In olden days we used to hang them high, then we transported those who stole a loaf or a sheep, then we amputated families by imposing long prison sentences so children grew up not knowing their parents; but thankfully now we are starting to teach how to heal, though we’re not quite there yet. But a warning –  if we don’t rediscover the national spine very soon indeed, I predict a rapid descent into oblivion. Scotland’s great strides forwards onto a world stage and her securing priorities in health, education, a respect agenda in welfare, these and more will be jeopardised if we lie down and permit  Westminster to  park its boot firmly upon our neck again in a few short months. 

Thirled to that Westminster master, we continue to punish those who are poor, for the sin of being poor. I know this, because the theft of food, subsistence crime is the politically correct term, continues to be prosecuted. Sheriffs ask to know why Universal Credit is paid late, in arrears, and at a mindbogglingly low rate. Of course after several weeks of living on fresh air, using up food bank vouchers, desperation, despair and hopelessness become ingrained and I would imagine that the comparative solace of a prison cell and three square a day would comprise welcome respite for many. I’d hopes these days were consigned to the past. However, it is now known that when we ‘Brexit’ martial law is a distinct possibility. Are we then going to be subjected to curfews imposed by the military? Will soldiers ration our food shopping and patrol empty supermarkets? Will there be barbed wire around Trevelyan’s cornfields ? Will they be secured by men in camouflage gear with painted faces, bandannas and chanting, like Sammy Wilson did in the Commons today, that we should ‘get to the chippy?’ It’s not so far removed from reality to think of prison ships in the bay these days given that they had prison ships in England in the 1970s and again in the late 1990s – are the hairs on the back of your neck up on end yet?

When we are beginning to starve, and the stockpiles those of us wealthy enough to create have dwindled, or the poorest are so hungry that they’re looting, stealing, ransacking, are we all going to jail or to hell? Blue passports, eh? Taking back control? 

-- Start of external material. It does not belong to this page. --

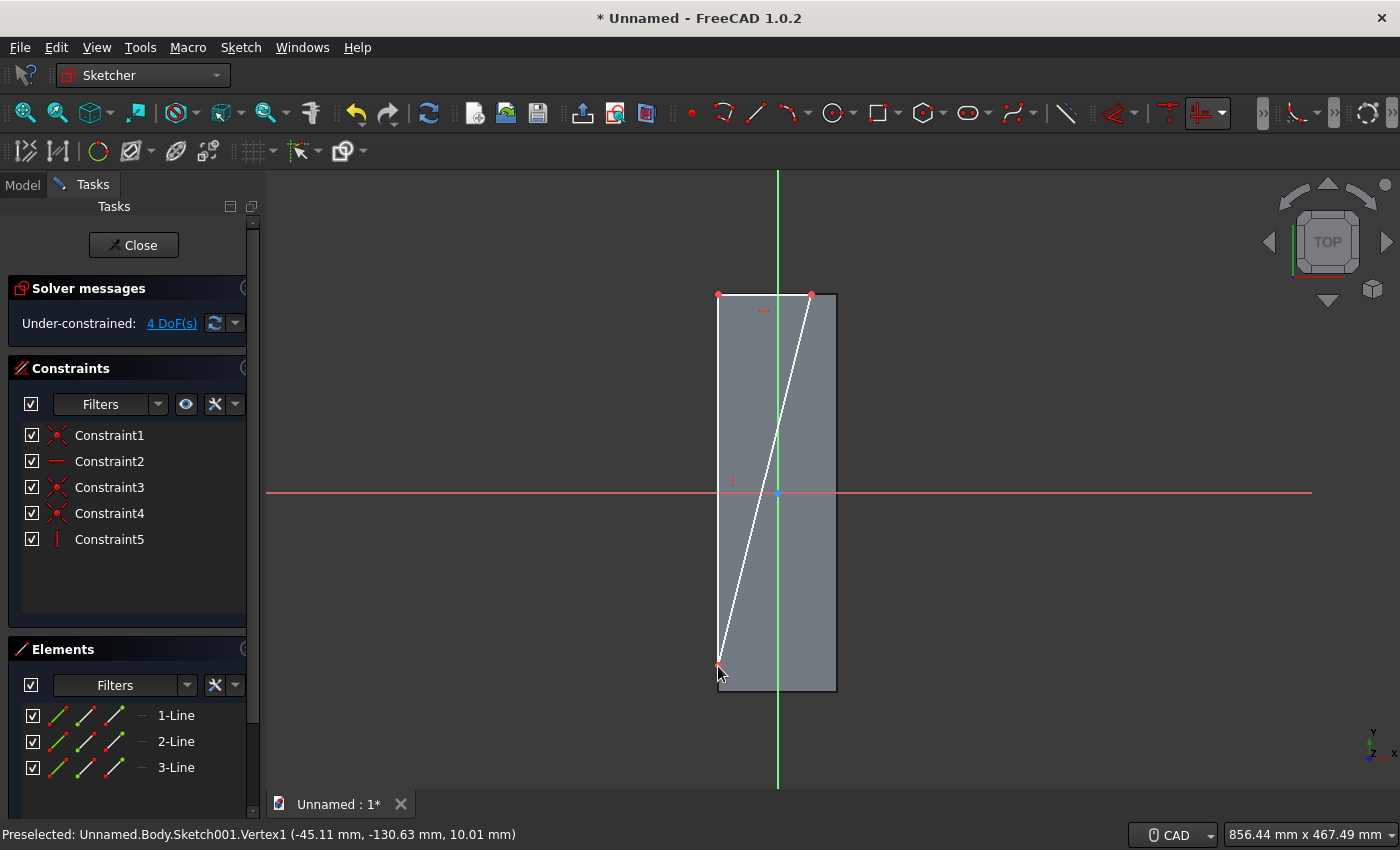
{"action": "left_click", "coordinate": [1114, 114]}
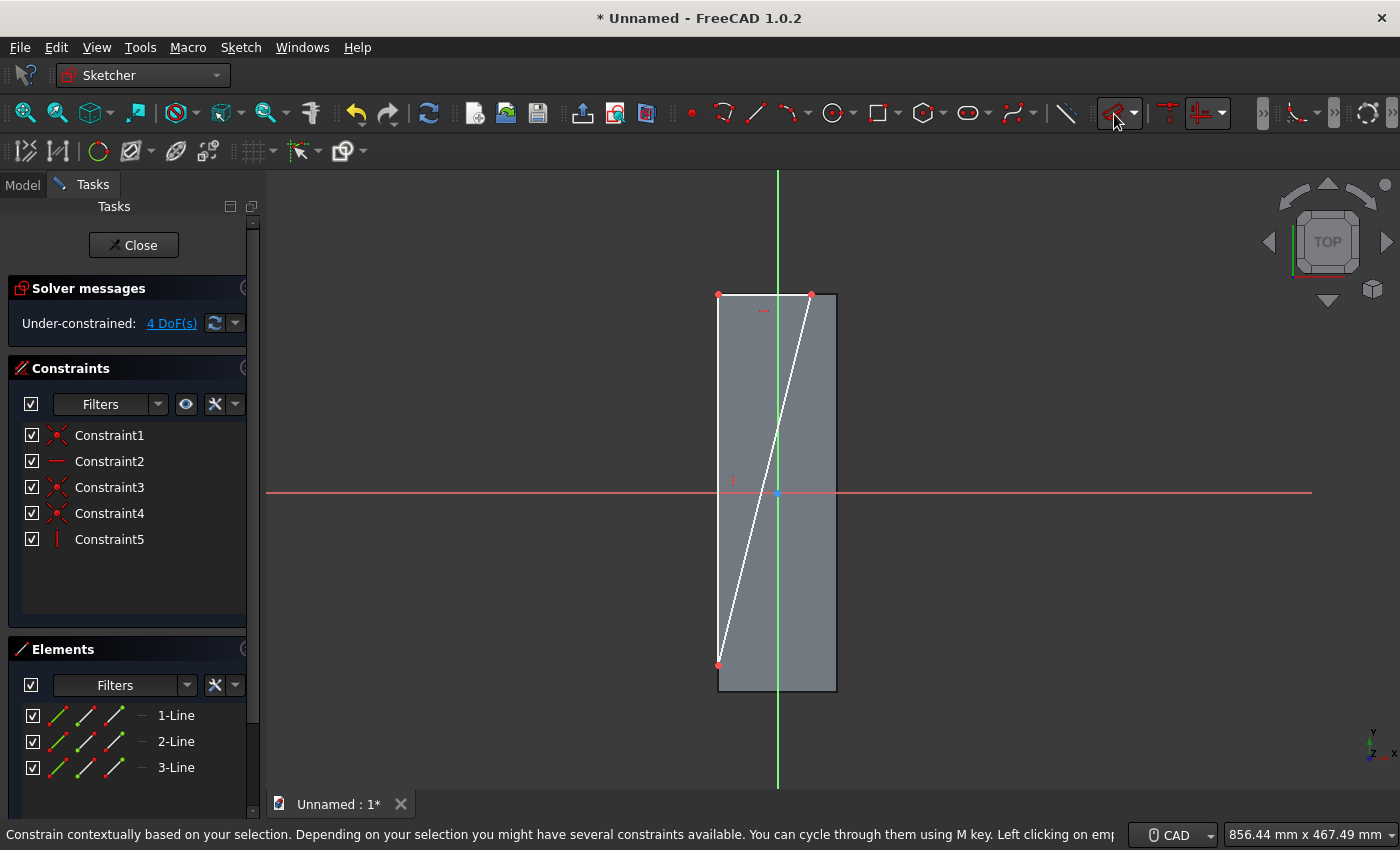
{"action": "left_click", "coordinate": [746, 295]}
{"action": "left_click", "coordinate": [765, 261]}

And if there is martial law, will there be lists of undesirables to be rounded up and interned? Will the troops start to clear the streets of the homeless and the rough sleepers, like they do for Royal weddings? Will there be bonfires of belongings of those deemed less worthy? Will vagrancy be a criminal offence again? Punishable by hard labour? Am I already deemed a subversive? Are you?

Will our Scottish Parliament, our Scottish Government, exist for long after Brexit? Will those be suspended, like Stormont? Will our First Minister be under house arrest?  And will our jails, instead of becoming civilised places striving for rehabilitation, risk assessment and eventual re-integration become like the madhouses of old ? Populated by those who ought to be deemed political prisoners but who will yearn, like the Catalans do now, for international recognition and justice?

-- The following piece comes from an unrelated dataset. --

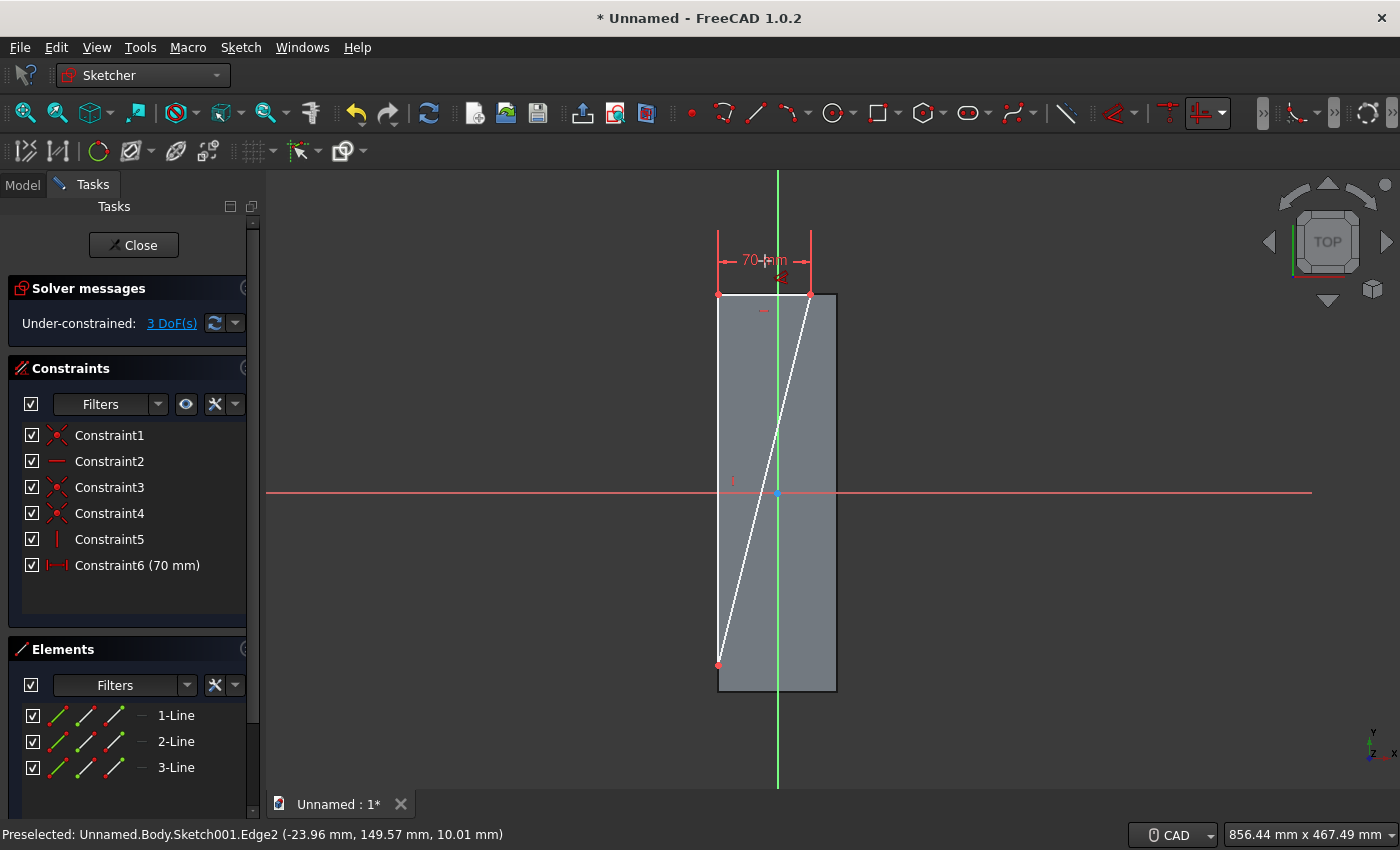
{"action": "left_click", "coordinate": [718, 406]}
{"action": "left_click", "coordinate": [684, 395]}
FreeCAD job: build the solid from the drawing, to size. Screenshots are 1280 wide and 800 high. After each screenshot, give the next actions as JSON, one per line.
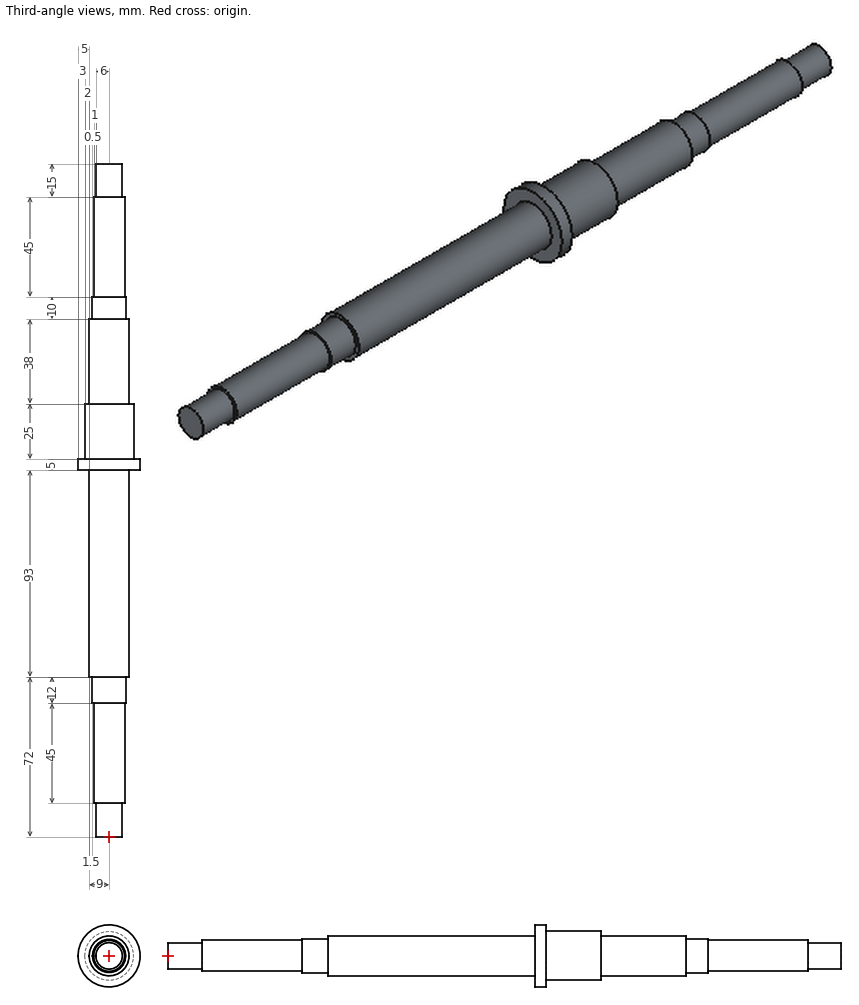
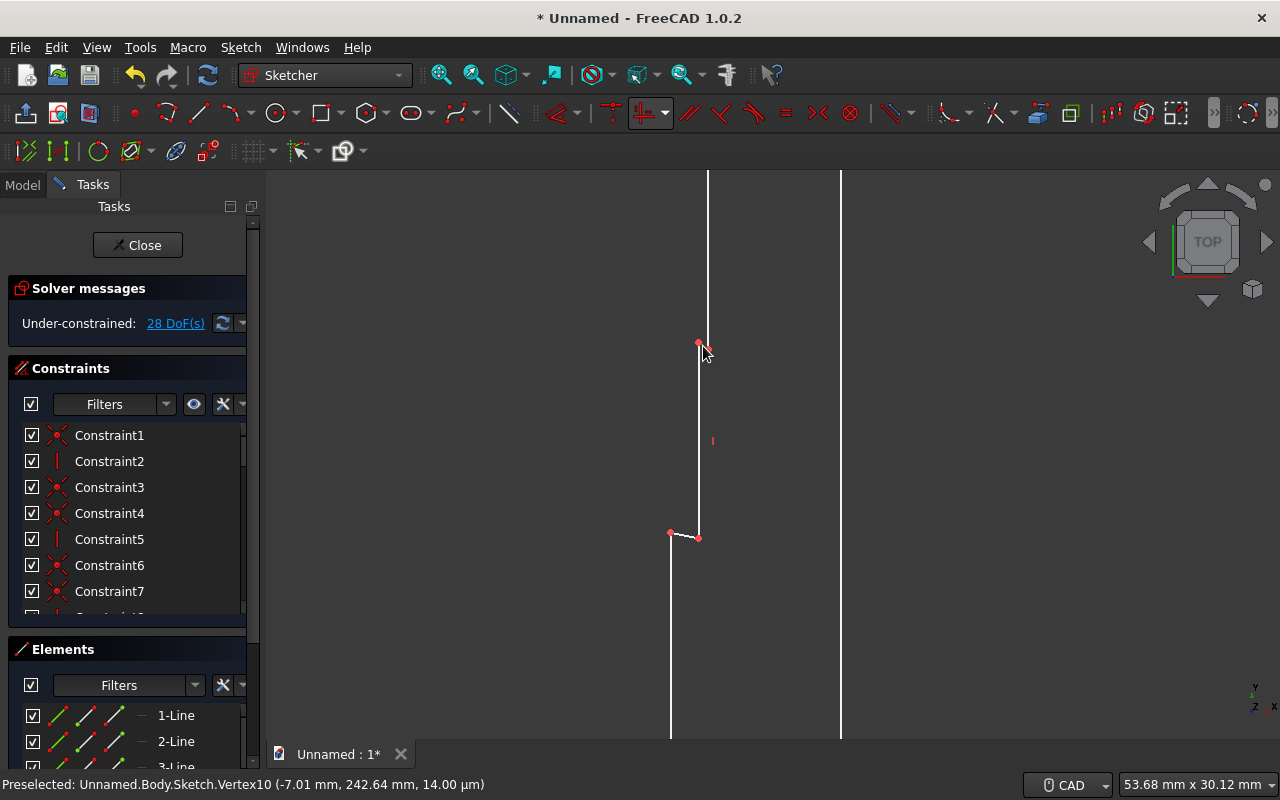
{"action": "key", "text": "h"}

 Scotland cannot continue to gaze, like a coward,  upon a deaf, robotic jailor, a guard, a sad old padre, and four grey walls. There’s a whole world of opportunity, equality, hope and prosperity just beyond those gates – the solution is within our hearts, our minds and our grasp. It takes but one leap. The old home town will look the same, and to paraphrase the greatest of men, let us have faith in and harness Scotland’s hidden powers, the present’s theirs and all the past and the future will be ours! Alba gu brath!